*Raw data*.
· · · · · · ·

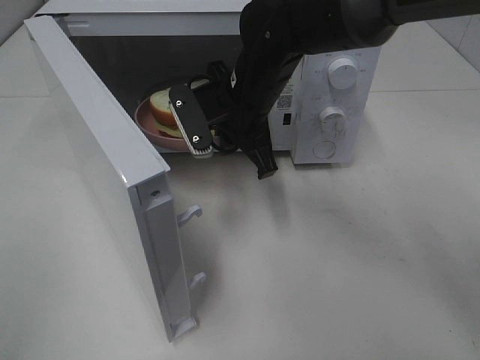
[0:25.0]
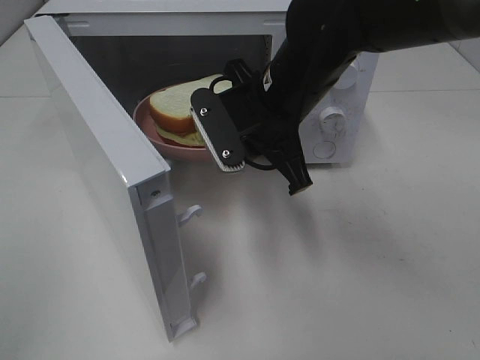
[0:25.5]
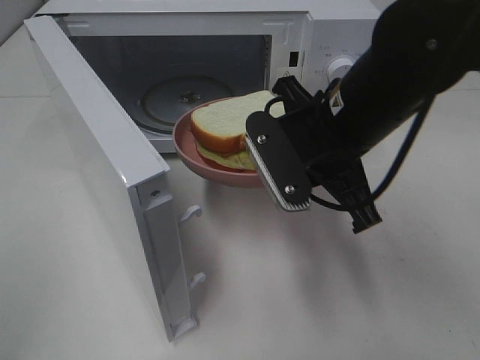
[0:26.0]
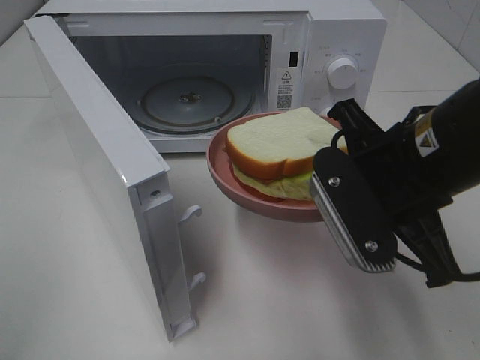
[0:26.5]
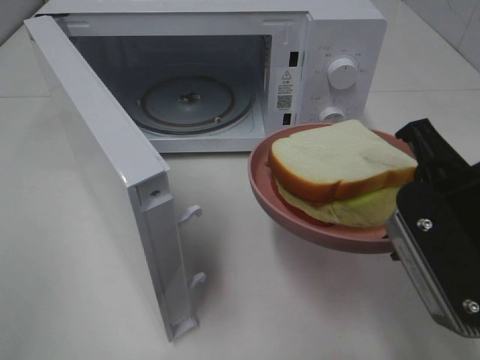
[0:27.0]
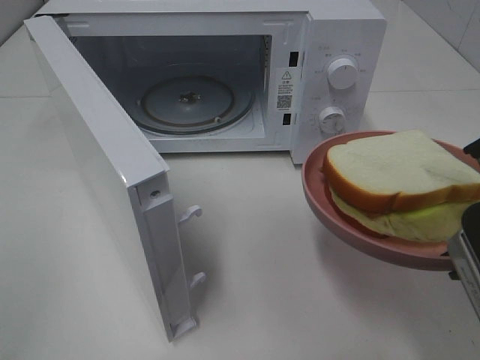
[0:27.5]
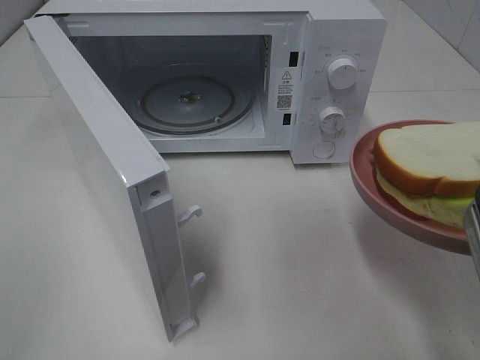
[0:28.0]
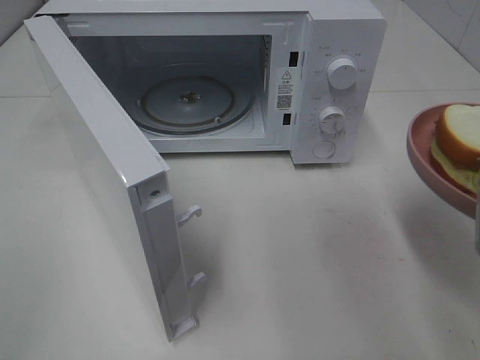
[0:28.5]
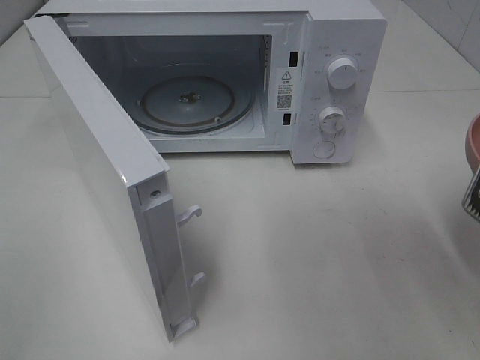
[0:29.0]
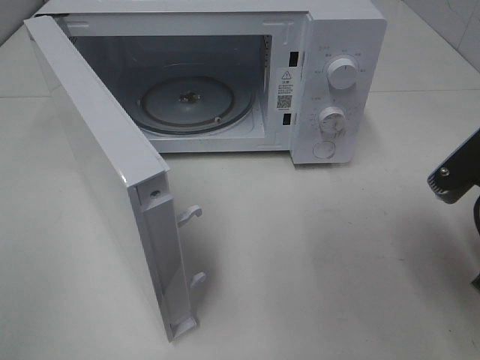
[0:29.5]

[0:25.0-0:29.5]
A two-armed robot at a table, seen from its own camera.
Task of the whole recording: Heat Sandwich.
0:25.0 to 0:27.0: The right gripper travels backward and to the right by approximately 25 cm.
0:27.0 to 0:29.5: The right gripper shifts approximately 5 cm to the right.

· · · · · · ·

*Task objective*. Repeat exactly and only the lines from the start of the data above through the line that holds "[0:25.0-0:29.5]", inclusive. Pictures do not belong in the copy.

*Your solution*.
[0:25.0]
[0:25.5]
[0:26.0]
[0:26.5]
[0:27.0]
[0:27.5]
[0:28.0]
[0:28.5]
[0:29.0]
[0:29.5]

[0:25.0-0:29.5]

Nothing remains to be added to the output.